What is expected =
Output only the lines below that start at the line containing "33. bicycle [0,925,193,1052]" and end at the line containing "49. bicycle [1130,858,1137,869]", with both ends kept.

Dataset =
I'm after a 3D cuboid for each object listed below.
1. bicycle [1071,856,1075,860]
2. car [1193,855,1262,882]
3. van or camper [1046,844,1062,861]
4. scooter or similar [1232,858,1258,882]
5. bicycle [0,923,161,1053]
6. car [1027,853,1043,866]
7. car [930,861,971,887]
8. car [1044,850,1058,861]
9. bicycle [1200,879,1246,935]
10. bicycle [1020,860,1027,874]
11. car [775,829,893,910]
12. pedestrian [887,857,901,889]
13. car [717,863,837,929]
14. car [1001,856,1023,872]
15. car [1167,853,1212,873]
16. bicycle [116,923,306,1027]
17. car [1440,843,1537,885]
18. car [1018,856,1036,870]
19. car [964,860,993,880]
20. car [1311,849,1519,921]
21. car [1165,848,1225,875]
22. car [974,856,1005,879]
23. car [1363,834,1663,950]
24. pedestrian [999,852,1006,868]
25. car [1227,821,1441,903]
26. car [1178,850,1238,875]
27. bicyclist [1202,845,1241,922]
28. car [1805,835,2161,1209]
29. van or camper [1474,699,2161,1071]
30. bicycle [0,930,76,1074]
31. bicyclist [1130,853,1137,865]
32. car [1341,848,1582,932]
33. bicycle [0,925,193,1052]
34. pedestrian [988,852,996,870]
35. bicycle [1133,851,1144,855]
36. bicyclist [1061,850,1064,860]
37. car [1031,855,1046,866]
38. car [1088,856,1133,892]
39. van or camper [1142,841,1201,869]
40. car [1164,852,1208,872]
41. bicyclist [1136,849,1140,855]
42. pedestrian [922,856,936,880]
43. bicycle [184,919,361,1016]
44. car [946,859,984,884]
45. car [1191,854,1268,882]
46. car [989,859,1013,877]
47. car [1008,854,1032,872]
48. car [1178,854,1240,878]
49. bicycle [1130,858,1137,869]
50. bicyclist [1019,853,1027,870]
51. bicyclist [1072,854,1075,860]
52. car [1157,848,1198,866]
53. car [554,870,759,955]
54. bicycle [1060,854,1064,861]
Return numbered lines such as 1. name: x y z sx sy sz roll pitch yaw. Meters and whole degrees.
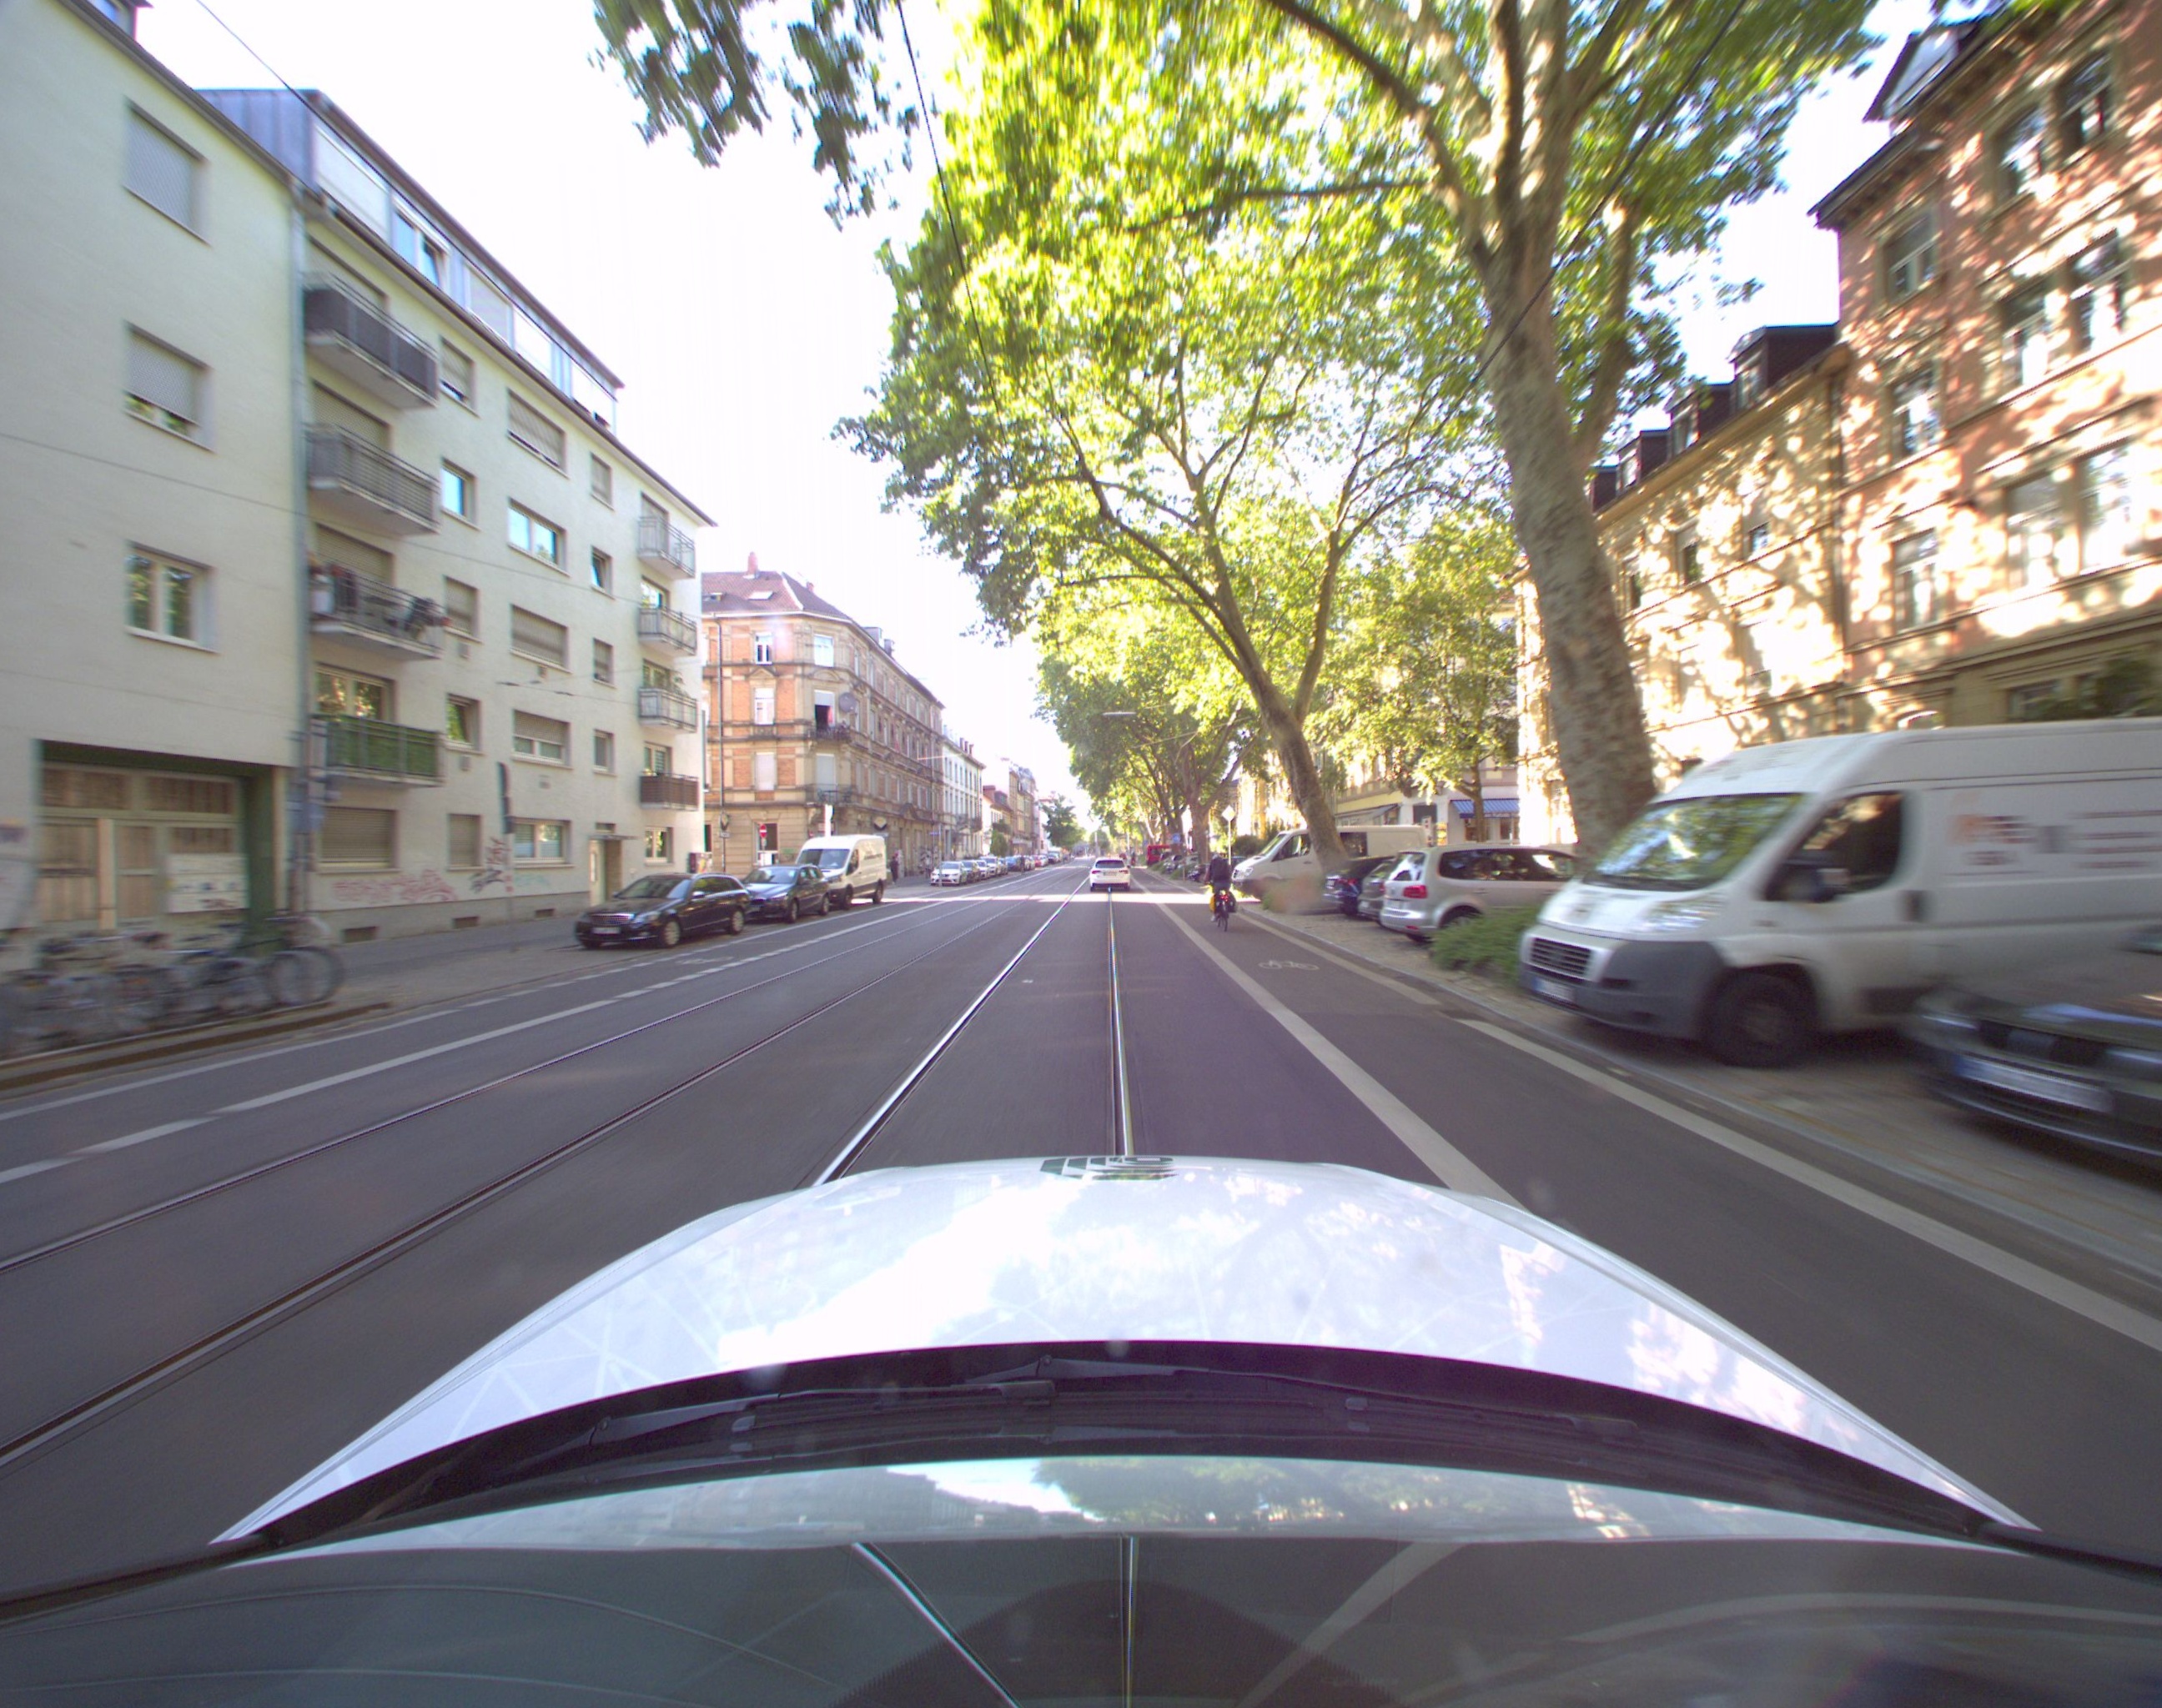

Result for this exercise =
33. bicycle [0,925,193,1052]
34. pedestrian [988,852,996,870]
35. bicycle [1133,851,1144,855]
36. bicyclist [1061,850,1064,860]
37. car [1031,855,1046,866]
38. car [1088,856,1133,892]
39. van or camper [1142,841,1201,869]
40. car [1164,852,1208,872]
41. bicyclist [1136,849,1140,855]
42. pedestrian [922,856,936,880]
43. bicycle [184,919,361,1016]
44. car [946,859,984,884]
45. car [1191,854,1268,882]
46. car [989,859,1013,877]
47. car [1008,854,1032,872]
48. car [1178,854,1240,878]
49. bicycle [1130,858,1137,869]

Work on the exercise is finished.